For Nimoy and her entire family, Leonard was the rock – stoic but emotional when need be – like the character he played so well.

“He had his serious moments, but he had his emotional, loving, you know, softer part,” she said.

And he used those traits when he revealed to his family that he had chronic obstructive pulmonary disease, a lung disease that would eventually take his life.

Experts say smoking is the No. 1 cause of COPD.

Nimoy says when her dad announced he had COPD, it wasn’t easy but he made it his mission to raise awareness.

He did so, she recalls, by going on television and using social media. He even tweeted: “I quit smoking 30 yrs ago. Not soon enough.”

“It takes a very big person to get out there and tell the world ‘I’m human,’ ” she said.

It was then Nimoy and her husband told Leonard they wanted to make a documentary about COPD to carry on his message after watching how it affected him. It will be called “COPD: The Logical Way To Improve Lung Function And Breathe Better.” Click here for more information.

“He couldn’t walk long distances. As it progressed, he needed oxygen. It becomes debilitating,” she said.

The film will be completed this year and will pay tribute to him by exploring those who live with COPD, treatments available, and offering support to those who need it the most,” she said.

“There’s over 14 million people throughout the country that have it, and there’s another 12-13 million that actually have it but they’re unaware that they have it,” said David Knight, Julie’s husband and the co-producer of the film.

This was his final mission, which Nimoy says she will carry on.
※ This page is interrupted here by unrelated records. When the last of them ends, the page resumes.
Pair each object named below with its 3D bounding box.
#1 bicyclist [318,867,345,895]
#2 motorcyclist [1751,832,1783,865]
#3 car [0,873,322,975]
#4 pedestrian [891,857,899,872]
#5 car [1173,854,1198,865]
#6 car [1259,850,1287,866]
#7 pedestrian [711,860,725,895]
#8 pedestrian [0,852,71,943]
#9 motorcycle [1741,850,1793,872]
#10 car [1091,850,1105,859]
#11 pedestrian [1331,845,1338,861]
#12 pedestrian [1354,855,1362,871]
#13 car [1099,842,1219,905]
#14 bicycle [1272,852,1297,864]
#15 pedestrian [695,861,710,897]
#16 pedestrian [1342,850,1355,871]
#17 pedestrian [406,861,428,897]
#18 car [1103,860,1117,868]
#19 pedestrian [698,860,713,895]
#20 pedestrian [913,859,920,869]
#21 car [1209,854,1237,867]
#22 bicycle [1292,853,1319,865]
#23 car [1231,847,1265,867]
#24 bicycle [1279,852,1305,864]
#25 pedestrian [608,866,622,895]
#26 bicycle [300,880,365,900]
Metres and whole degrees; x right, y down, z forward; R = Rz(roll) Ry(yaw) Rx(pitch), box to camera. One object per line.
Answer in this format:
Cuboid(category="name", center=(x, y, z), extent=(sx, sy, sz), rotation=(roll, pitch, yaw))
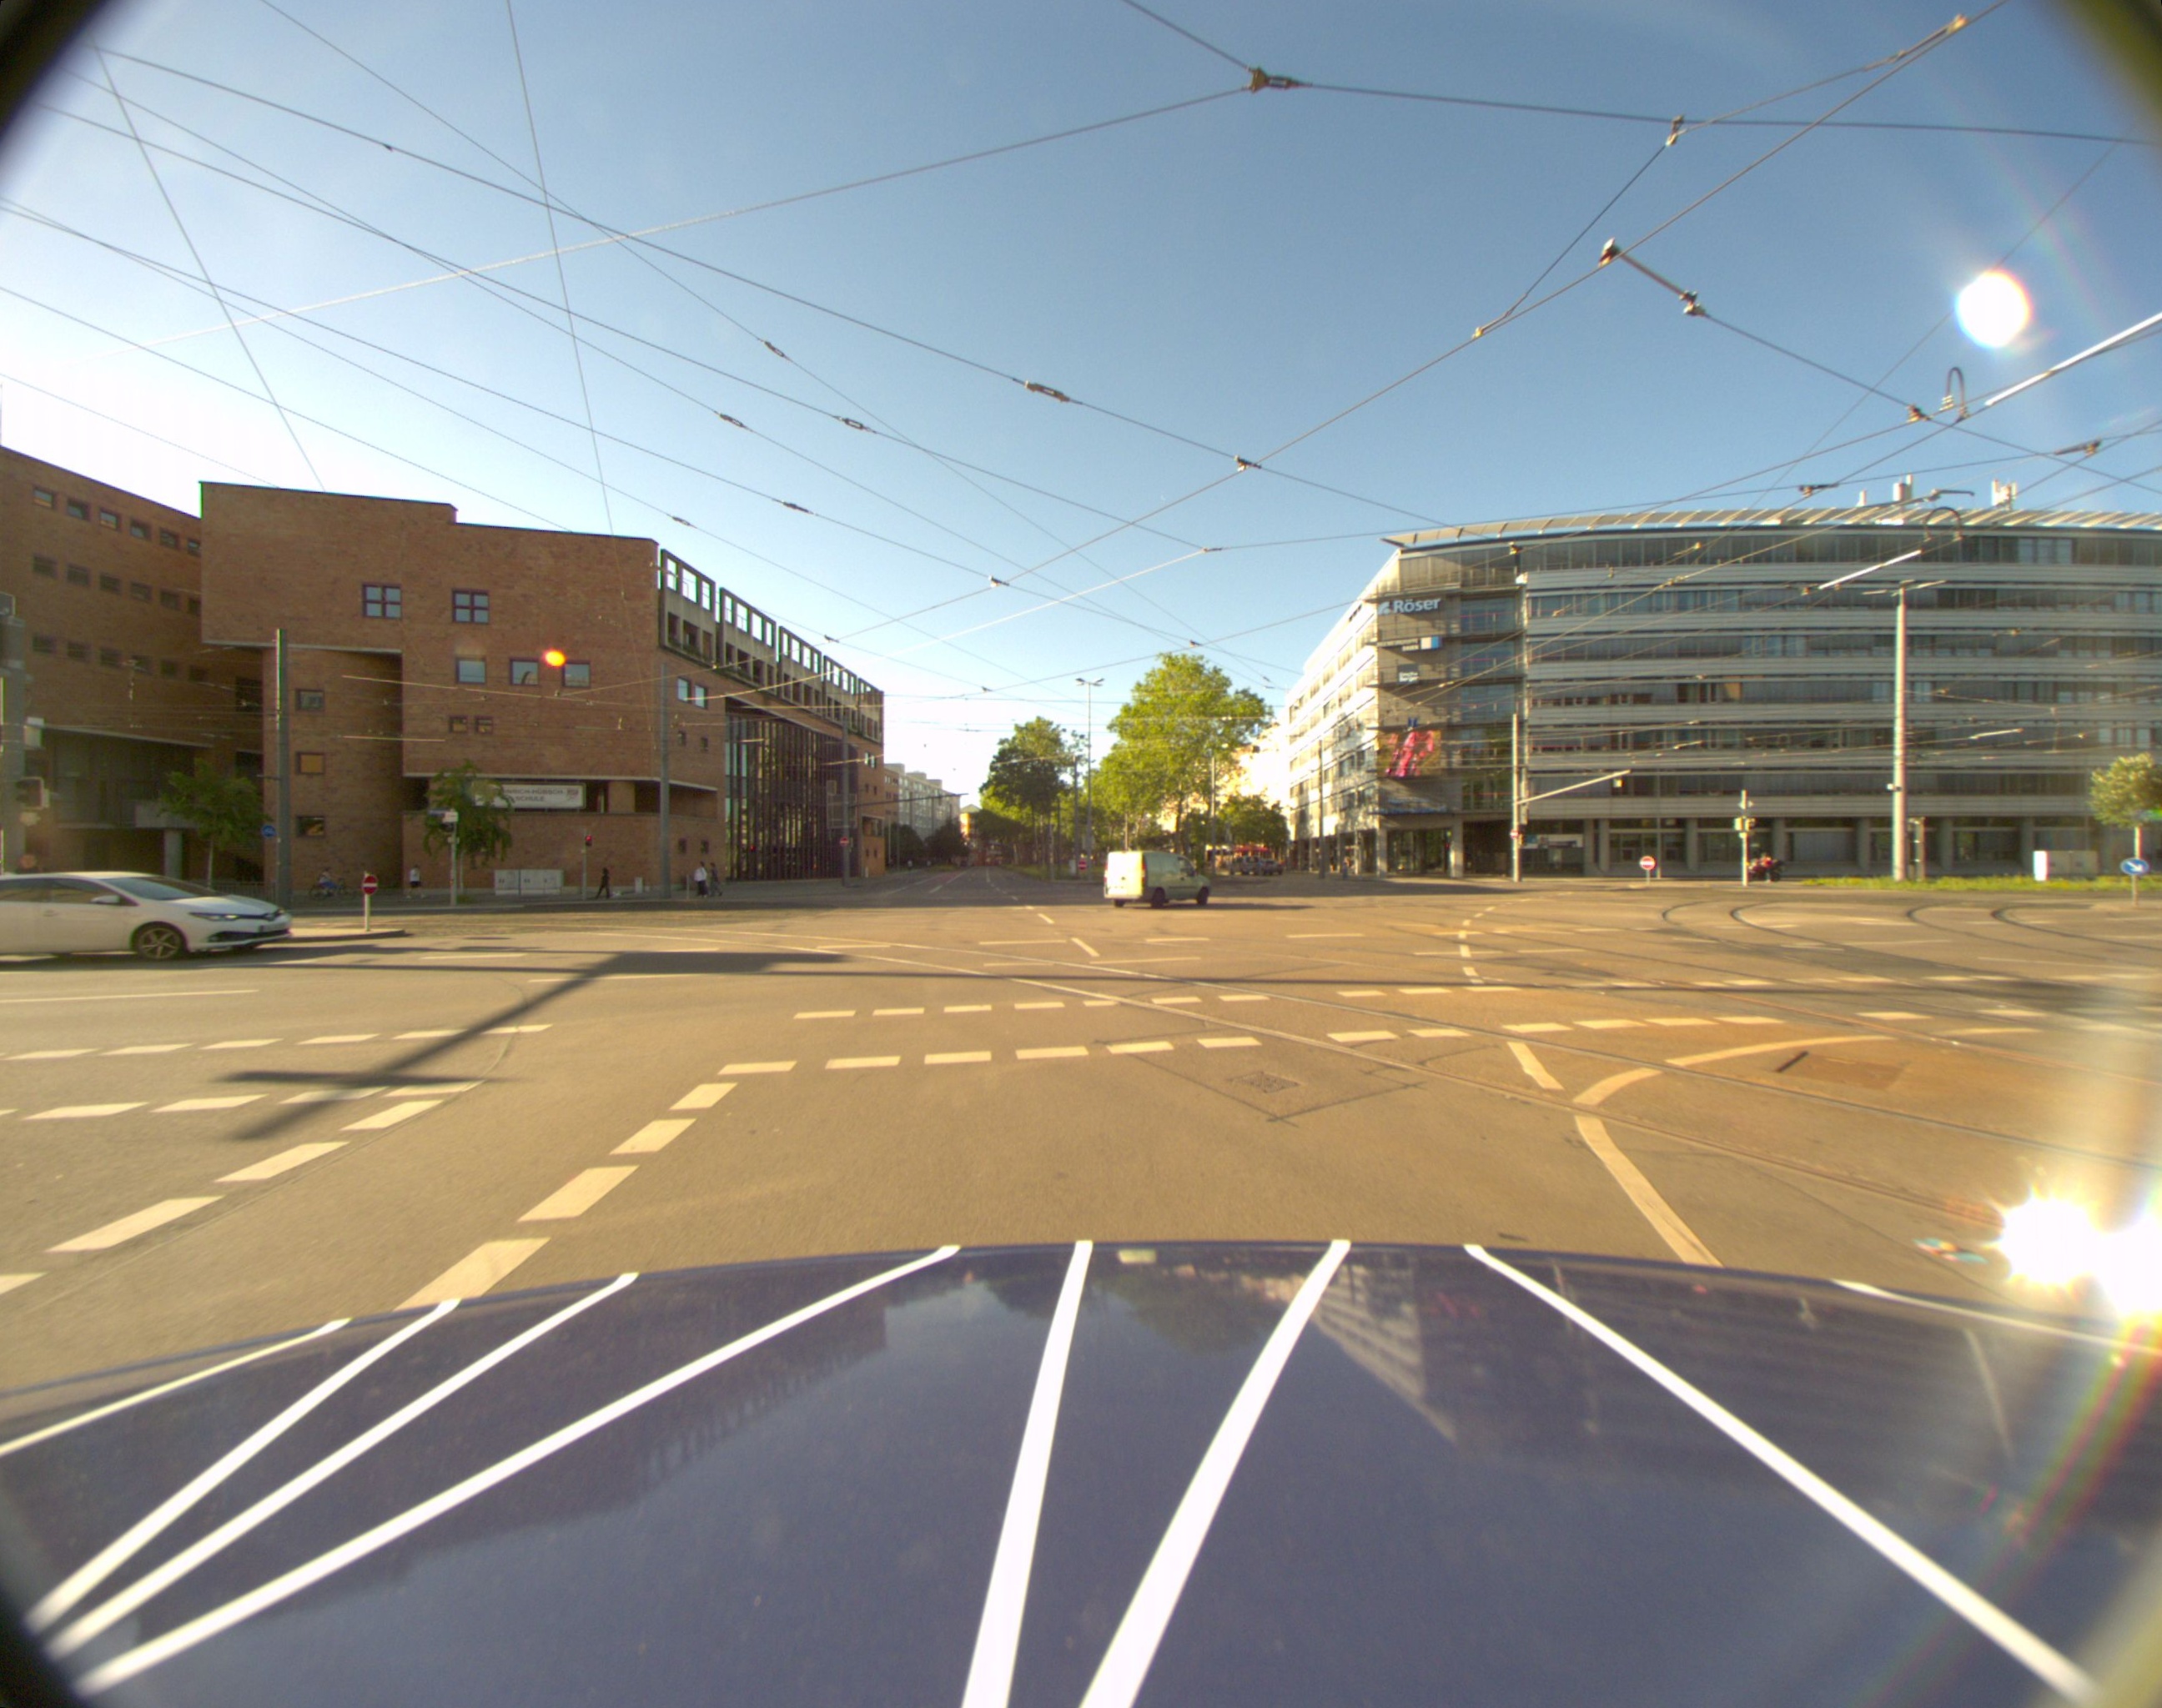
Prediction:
Cuboid(category="bicyclist", center=(-36.623, 1.314, 37.118), extent=(0.652, 1.331, 0.647), rotation=(-1, 0, -7))
Cuboid(category="motorcyclist", center=(39.787, -0.319, 44.088), extent=(1.111, 1.846, 0.821), rotation=(0, 1, 0))
Cuboid(category="car", center=(-16.114, 1.125, 12.822), extent=(4.299, 1.440, 1.842), rotation=(-1, 2, -12))
Cuboid(category="pedestrian", center=(-21.157, 1.197, 86.538), extent=(0.813, 1.596, 0.686), rotation=(0, 0, -20))
Cuboid(category="car", center=(13.853, 0.710, 100.931), extent=(1.868, 1.466, 3.973), rotation=(0, 0, -13))
Cuboid(category="car", center=(18.013, 0.382, 71.532), extent=(1.865, 1.466, 3.979), rotation=(0, 0, 4))
Cuboid(category="pedestrian", center=(-18.526, 1.202, 38.785), extent=(0.549, 1.776, 0.572), rotation=(-1, 1, -16))
Cuboid(category="pedestrian", center=(-20.333, 0.829, 14.691), extent=(0.594, 1.717, 0.723), rotation=(-1, 1, -7))
Cuboid(category="motorcycle", center=(39.793, 0.398, 44.098), extent=(2.254, 1.214, 0.821), rotation=(0, 1, 0))
Cuboid(category="car", center=(3.535, 0.030, 160.172), extent=(1.824, 1.758, 4.312), rotation=(0, -2, -13))
Cuboid(category="pedestrian", center=(26.985, -0.085, 80.893), extent=(0.586, 1.723, 0.794), rotation=(-1, -1, 11))
Cuboid(category="pedestrian", center=(21.333, 0.684, 58.420), extent=(0.443, 1.203, 0.462), rotation=(0, 0, -1))
Cuboid(category="car", center=(2.613, 0.558, 24.753), extent=(1.839, 1.825, 4.115), rotation=(1, 2, 41))
Cuboid(category="bicycle", center=(20.828, 0.449, 77.829), extent=(2.396, 1.206, 0.774), rotation=(1, -1, -15))
Cuboid(category="pedestrian", center=(-19.023, 1.229, 38.206), extent=(0.549, 1.776, 0.572), rotation=(-1, 1, -16))
Cuboid(category="pedestrian", center=(20.728, 0.504, 58.872), extent=(0.660, 1.630, 0.793), rotation=(0, 0, -1))
Cuboid(category="pedestrian", center=(-33.626, 1.248, 38.461), extent=(0.573, 1.775, 0.549), rotation=(2, 0, -5))
Cuboid(category="car", center=(5.015, 1.726, 132.745), extent=(1.701, 1.466, 3.978), rotation=(0, 0, -11))
Cuboid(category="pedestrian", center=(-19.402, 1.202, 39.236), extent=(0.549, 1.776, 0.572), rotation=(-1, 1, -16))
Cuboid(category="pedestrian", center=(-23.113, 1.430, 106.703), extent=(0.812, 1.376, 0.687), rotation=(0, 0, -6))
Cuboid(category="car", center=(16.808, 0.767, 90.147), extent=(1.868, 1.466, 3.973), rotation=(0, 0, -13))
Cuboid(category="bicycle", center=(21.668, 0.495, 73.319), extent=(2.392, 1.206, 0.776), rotation=(0, -1, 5))
Cuboid(category="car", center=(16.801, 0.326, 76.785), extent=(1.867, 2.004, 4.454), rotation=(0, 0, -8))
Cuboid(category="bicycle", center=(20.746, 0.411, 74.754), extent=(2.396, 1.206, 0.774), rotation=(1, -1, -15))
Cuboid(category="pedestrian", center=(-23.318, 1.315, 38.031), extent=(0.574, 1.468, 0.548), rotation=(0, 0, -26))
Cuboid(category="bicycle", center=(-36.556, 1.735, 37.131), extent=(2.345, 0.899, 0.650), rotation=(-1, 0, -7))

“If I can help one person, that would be great,” she said.

She says she’s happy she didn’t take the moments she had with her dad for granted.

“That was our last photograph together,” Nimoy said referring to a picture with her dad. “And we were just sitting in the sun, listening to the waves. I’ll treasure that moment forever. I’m going to miss him.”

She knows the world does, too, and that’s why a piece of her heart is with his fans.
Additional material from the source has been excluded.